### EXERCISE:
Look through the entries below and extract exactly the lines from the one containing "Numbers: x, y, z, sx, sy, sz, roll, pitch, yaw. Lengths" through the one containing "0.060 -12 28 13", ends included.
WORKING DATA Start Marker
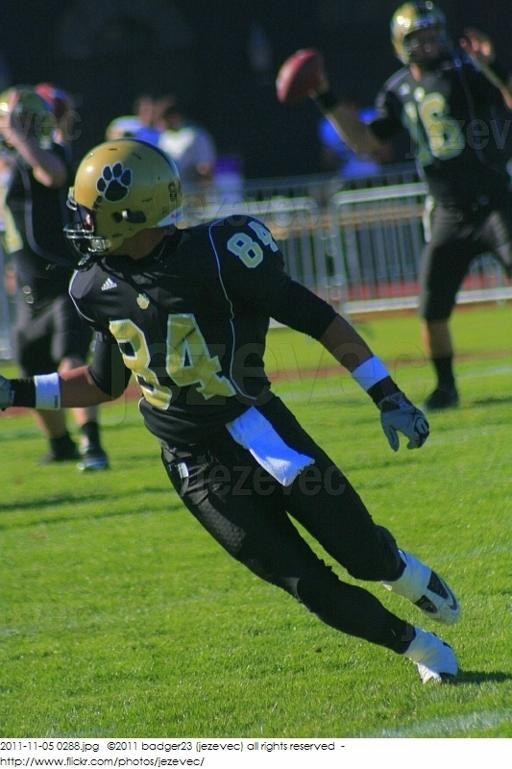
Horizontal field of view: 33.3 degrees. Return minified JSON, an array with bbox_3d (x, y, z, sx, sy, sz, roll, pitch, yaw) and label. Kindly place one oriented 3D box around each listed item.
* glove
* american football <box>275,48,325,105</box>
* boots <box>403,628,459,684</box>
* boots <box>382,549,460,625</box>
[{"bbox_3d":[0.321,0.065,1.963,0.078,0.169,0.122,-13,7,-42],"label":"glove"},{"bbox_3d":[0.174,-1.220,3.390,0.186,0.216,0.180,-7,5,4],"label":"american football"},{"bbox_3d":[0.427,0.673,2.107,0.099,0.133,0.093,-52,15,-19],"label":"boots"},{"bbox_3d":[0.436,0.526,2.222,0.317,0.105,0.115,23,32,-25],"label":"boots"}]
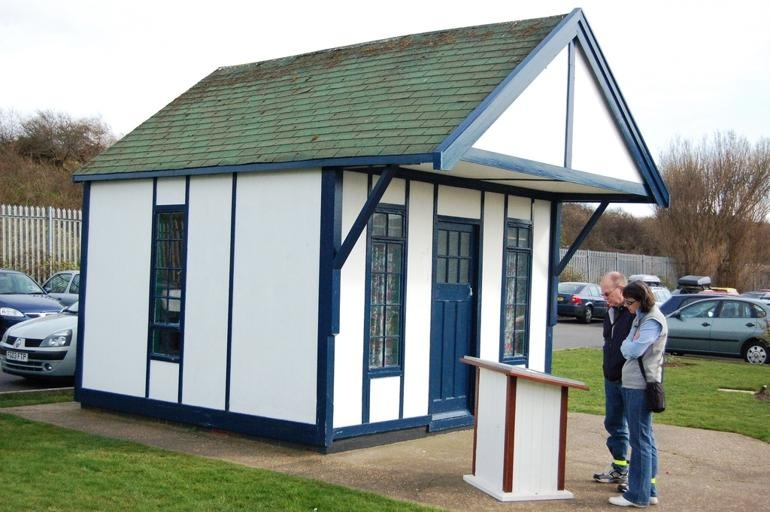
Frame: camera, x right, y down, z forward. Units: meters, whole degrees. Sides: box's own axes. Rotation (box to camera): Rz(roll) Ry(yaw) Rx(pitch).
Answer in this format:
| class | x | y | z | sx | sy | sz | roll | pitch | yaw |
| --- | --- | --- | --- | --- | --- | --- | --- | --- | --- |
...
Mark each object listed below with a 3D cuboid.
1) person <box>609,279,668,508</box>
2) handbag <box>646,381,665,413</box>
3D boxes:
| class | x | y | z | sx | sy | sz | roll | pitch | yaw |
| --- | --- | --- | --- | --- | --- | --- | --- | --- | --- |
| person | 3.666 | 1.962 | 13.100 | 0.678 | 3.193 | 0.498 | 3 | 5 | 17 |
| handbag | 3.858 | 1.985 | 12.930 | 0.264 | 0.436 | 0.178 | 0 | 5 | -21 |
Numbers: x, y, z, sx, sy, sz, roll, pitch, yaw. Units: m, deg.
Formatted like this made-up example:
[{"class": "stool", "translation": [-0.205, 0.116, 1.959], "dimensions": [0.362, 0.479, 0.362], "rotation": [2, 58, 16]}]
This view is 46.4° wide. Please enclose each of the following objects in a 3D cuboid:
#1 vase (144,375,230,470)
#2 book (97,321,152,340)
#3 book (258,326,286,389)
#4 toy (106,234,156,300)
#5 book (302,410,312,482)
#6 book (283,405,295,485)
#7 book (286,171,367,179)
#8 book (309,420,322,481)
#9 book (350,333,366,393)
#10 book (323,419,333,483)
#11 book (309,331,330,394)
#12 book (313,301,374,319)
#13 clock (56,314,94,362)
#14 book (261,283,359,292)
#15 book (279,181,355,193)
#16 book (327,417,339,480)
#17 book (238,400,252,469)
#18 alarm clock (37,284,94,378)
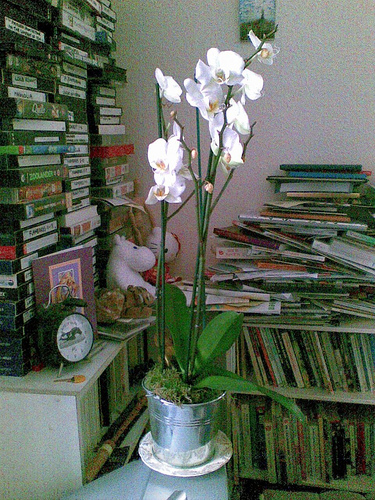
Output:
[{"class": "vase", "translation": [0.021, 0.338, 0.828], "dimensions": [0.181, 0.130, 0.166], "rotation": [3, -5, 0]}, {"class": "book", "translation": [-0.179, 0.223, 1.241], "dimensions": [0.155, 0.027, 0.106], "rotation": [-2, 14, -10]}, {"class": "book", "translation": [0.274, 0.335, 1.403], "dimensions": [0.029, 0.183, 0.255], "rotation": [-23, -3, 6]}, {"class": "toy", "translation": [-0.181, 0.061, 1.454], "dimensions": [0.191, 0.231, 0.165], "rotation": [1, 6, 21]}, {"class": "book", "translation": [0.400, 0.657, 1.461], "dimensions": [0.014, 0.236, 0.055], "rotation": [-5, -13, 39]}, {"class": "book", "translation": [0.342, 0.649, 1.466], "dimensions": [0.040, 0.247, 0.022], "rotation": [-7, -15, 32]}, {"class": "book", "translation": [0.433, -0.251, 1.452], "dimensions": [0.292, 0.017, 0.121], "rotation": [11, 17, 37]}, {"class": "book", "translation": [0.424, 0.666, 1.454], "dimensions": [0.053, 0.217, 0.004], "rotation": [-3, 2, 1]}, {"class": "book", "translation": [0.539, 0.354, 1.379], "dimensions": [0.059, 0.192, 0.020], "rotation": [14, 20, 41]}, {"class": "book", "translation": [0.469, 0.696, 1.471], "dimensions": [0.028, 0.018, 0.148], "rotation": [18, 48, -6]}, {"class": "book", "translation": [0.422, 0.349, 1.389], "dimensions": [0.025, 0.213, 0.026], "rotation": [-17, 2, -11]}, {"class": "book", "translation": [0.474, 0.187, 1.327], "dimensions": [0.180, 0.034, 0.050], "rotation": [5, 15, 18]}, {"class": "clock", "translation": [-0.269, 0.205, 1.025], "dimensions": [0.020, 0.102, 0.111], "rotation": [-3, -19, 25]}, {"class": "book", "translation": [0.380, 0.113, 1.386], "dimensions": [0.287, 0.015, 0.032], "rotation": [2, 14, 7]}, {"class": "book", "translation": [0.412, -0.206, 1.422], "dimensions": [0.239, 0.043, 0.037], "rotation": [7, 16, 26]}, {"class": "book", "translation": [0.488, 0.661, 1.453], "dimensions": [0.028, 0.217, 0.050], "rotation": [-7, 17, -23]}, {"class": "book", "translation": [0.196, 0.624, 1.480], "dimensions": [0.035, 0.248, 0.056], "rotation": [-10, 18, -33]}, {"class": "alarm clock", "translation": [-0.295, 0.180, 1.039], "dimensions": [0.097, 0.188, 0.129], "rotation": [10, 18, 33]}]
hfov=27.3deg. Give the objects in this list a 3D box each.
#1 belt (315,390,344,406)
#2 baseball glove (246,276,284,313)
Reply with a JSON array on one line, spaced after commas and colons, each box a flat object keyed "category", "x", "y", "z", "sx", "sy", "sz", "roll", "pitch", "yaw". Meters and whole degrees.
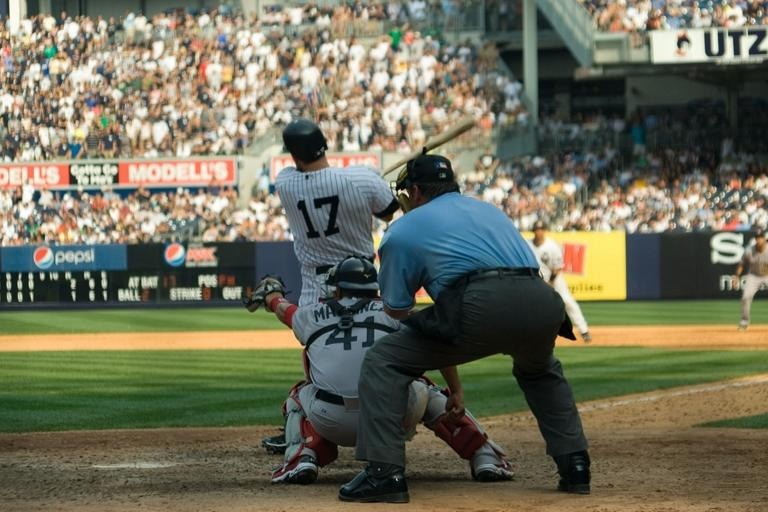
[{"category": "belt", "x": -0.817, "y": 2.148, "z": 24.020, "sx": 0.330, "sy": 0.157, "sz": 0.246, "roll": 18, "pitch": 2, "yaw": -24}, {"category": "baseball glove", "x": -1.862, "y": 0.556, "z": 24.578, "sx": 0.664, "sy": 0.336, "sz": 0.404, "roll": -41, "pitch": 13, "yaw": -14}]
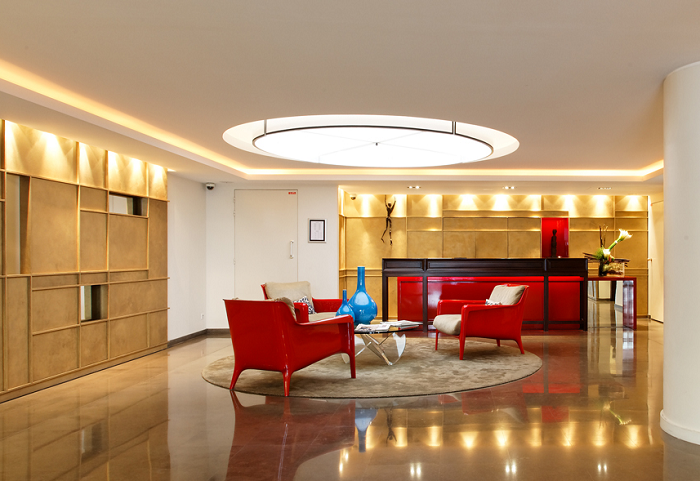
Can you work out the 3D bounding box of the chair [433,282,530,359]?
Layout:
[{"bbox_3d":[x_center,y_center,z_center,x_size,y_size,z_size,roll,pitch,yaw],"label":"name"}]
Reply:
[{"bbox_3d":[1.949,1.221,7.866,1.463,1.015,1.113,3,-8,-17],"label":"chair"}]

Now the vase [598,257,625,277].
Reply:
[{"bbox_3d":[5.471,0.549,10.490,0.720,0.409,0.368,-2,7,-13],"label":"vase"}]

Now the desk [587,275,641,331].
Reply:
[{"bbox_3d":[5.402,1.189,10.602,1.070,1.262,1.457,1,-5,-2],"label":"desk"}]

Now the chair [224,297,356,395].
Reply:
[{"bbox_3d":[-0.757,1.147,6.149,1.256,1.009,1.398,-2,-3,32],"label":"chair"}]

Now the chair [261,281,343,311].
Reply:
[{"bbox_3d":[-0.826,0.884,8.026,0.750,0.411,0.761,-6,-10,36],"label":"chair"}]

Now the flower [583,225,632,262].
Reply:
[{"bbox_3d":[5.884,0.051,11.371,0.970,0.745,0.587,3,-5,-17],"label":"flower"}]

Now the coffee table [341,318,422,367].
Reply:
[{"bbox_3d":[0.488,1.414,7.191,0.694,0.296,0.953,-2,-3,22],"label":"coffee table"}]
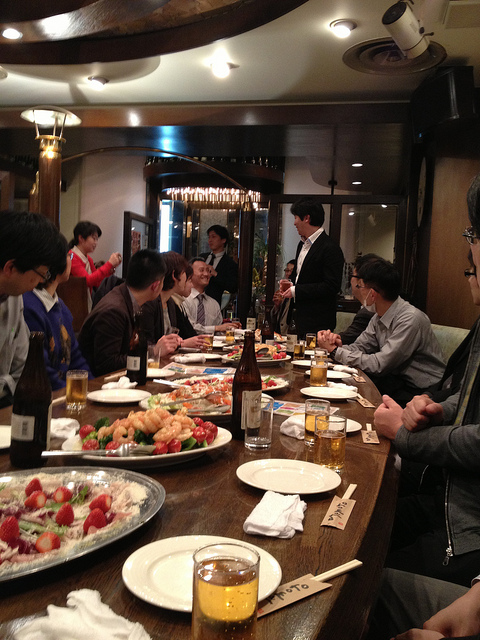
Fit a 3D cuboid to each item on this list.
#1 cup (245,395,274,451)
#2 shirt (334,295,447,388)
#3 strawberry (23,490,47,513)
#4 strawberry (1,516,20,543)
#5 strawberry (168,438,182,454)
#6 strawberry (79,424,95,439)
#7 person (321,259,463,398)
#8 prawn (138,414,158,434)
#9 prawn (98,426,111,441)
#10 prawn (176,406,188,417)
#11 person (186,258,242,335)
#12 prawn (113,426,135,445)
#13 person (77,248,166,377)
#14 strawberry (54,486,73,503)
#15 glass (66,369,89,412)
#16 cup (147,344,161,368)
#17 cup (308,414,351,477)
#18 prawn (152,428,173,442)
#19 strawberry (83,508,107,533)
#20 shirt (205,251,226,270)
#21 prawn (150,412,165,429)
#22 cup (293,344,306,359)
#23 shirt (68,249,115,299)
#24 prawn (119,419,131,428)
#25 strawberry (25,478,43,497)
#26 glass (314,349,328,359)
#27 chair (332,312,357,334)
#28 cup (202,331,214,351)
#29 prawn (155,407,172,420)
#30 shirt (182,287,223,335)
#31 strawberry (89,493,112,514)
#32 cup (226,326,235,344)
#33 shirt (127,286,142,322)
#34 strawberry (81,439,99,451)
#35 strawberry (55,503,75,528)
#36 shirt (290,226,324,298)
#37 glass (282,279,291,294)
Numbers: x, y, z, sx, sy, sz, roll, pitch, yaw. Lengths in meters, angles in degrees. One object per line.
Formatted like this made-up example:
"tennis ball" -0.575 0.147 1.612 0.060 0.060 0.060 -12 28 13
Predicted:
"cup" 0.048 0.266 1.191 0.079 0.149 0.087 0 -11 0
"shirt" 1.032 0.199 3.224 0.868 0.736 0.612 5 -2 10
"strawberry" -0.271 0.245 0.611 0.018 0.025 0.010 24 23 -46
"strawberry" -0.269 0.245 0.533 0.021 0.032 0.013 -5 8 -44
"strawberry" -0.133 0.254 0.920 0.021 0.031 0.023 0 2 5
"strawberry" -0.337 0.243 1.000 0.029 0.025 0.053 -3 8 -38
"person" 1.036 0.379 3.273 0.908 1.593 0.654 -2 4 9
"prawn" -0.189 0.215 0.940 0.036 0.011 0.036 42 19 -48
"prawn" -0.285 0.235 0.952 0.018 0.026 0.024 10 37 -5
"prawn" -0.141 0.221 1.097 0.016 0.015 0.042 -8 11 -2
"person" -0.394 -0.233 5.027 0.552 0.874 0.499 -3 -6 -19
"prawn" -0.242 0.236 0.931 0.029 0.011 0.031 11 20 18
"person" -0.777 -0.058 2.934 0.498 1.318 0.463 -3 37 -24
"strawberry" -0.254 0.249 0.651 0.022 0.019 0.029 1 6 -2
"glass" -0.527 0.214 1.468 0.066 0.128 0.201 -1 7 -20
"cup" -0.409 0.163 2.130 0.075 0.101 0.083 1 -11 -2
"cup" 0.201 0.281 1.028 0.101 0.182 0.102 2 -9 0
"prawn" -0.157 0.235 0.922 0.031 0.023 0.027 6 8 35
"strawberry" -0.192 0.262 0.603 0.023 0.036 0.021 -1 31 -24
"shirt" -0.401 -1.032 7.611 0.185 0.393 0.095 3 -21 29
"prawn" -0.173 0.208 0.945 0.027 0.008 0.028 49 1 13
"cup" 0.368 0.198 2.862 0.070 0.096 0.081 0 -7 3
"shirt" -1.783 -0.546 5.631 0.658 0.531 0.446 10 4 -5
"prawn" -0.246 0.216 0.962 0.015 0.009 0.022 5 -3 -5
"strawberry" -0.298 0.241 0.659 0.019 0.030 0.020 5 11 -23
"glass" 0.391 0.165 2.232 0.056 0.068 0.060 1 -5 6
"chair" 1.314 0.020 5.689 0.241 0.197 0.396 5 28 23
"cup" -0.228 0.146 3.166 0.079 0.149 0.088 1 -12 1
"prawn" -0.169 0.204 0.986 0.034 0.013 0.034 17 3 -18
"shirt" -0.412 0.008 5.001 0.448 0.682 0.355 2 -11 -31
"strawberry" -0.197 0.254 0.638 0.017 0.022 0.024 -7 7 -13
"cup" -0.065 0.111 3.320 0.079 0.161 0.090 0 -10 10
"shirt" -0.636 -0.099 2.737 0.100 0.162 0.074 -1 1 -2
"strawberry" -0.302 0.253 0.924 0.033 0.017 0.035 -4 9 -43
"strawberry" -0.229 0.254 0.592 0.023 0.030 0.011 -2 7 -28
"shirt" 0.753 -0.716 5.031 0.311 0.636 0.363 4 7 23
"glass" 0.504 -0.378 5.070 0.110 0.164 0.159 3 10 3
WORKING DATA End Marker
### TASK RESULT:
Numbers: x, y, z, sx, sy, sz, roll, pitch, yaw. Lengths in meters, angles in degrees. One object per line.
Formatted like this made-up example:
"tennis ball" -0.575 0.147 1.612 0.060 0.060 0.060 -12 28 13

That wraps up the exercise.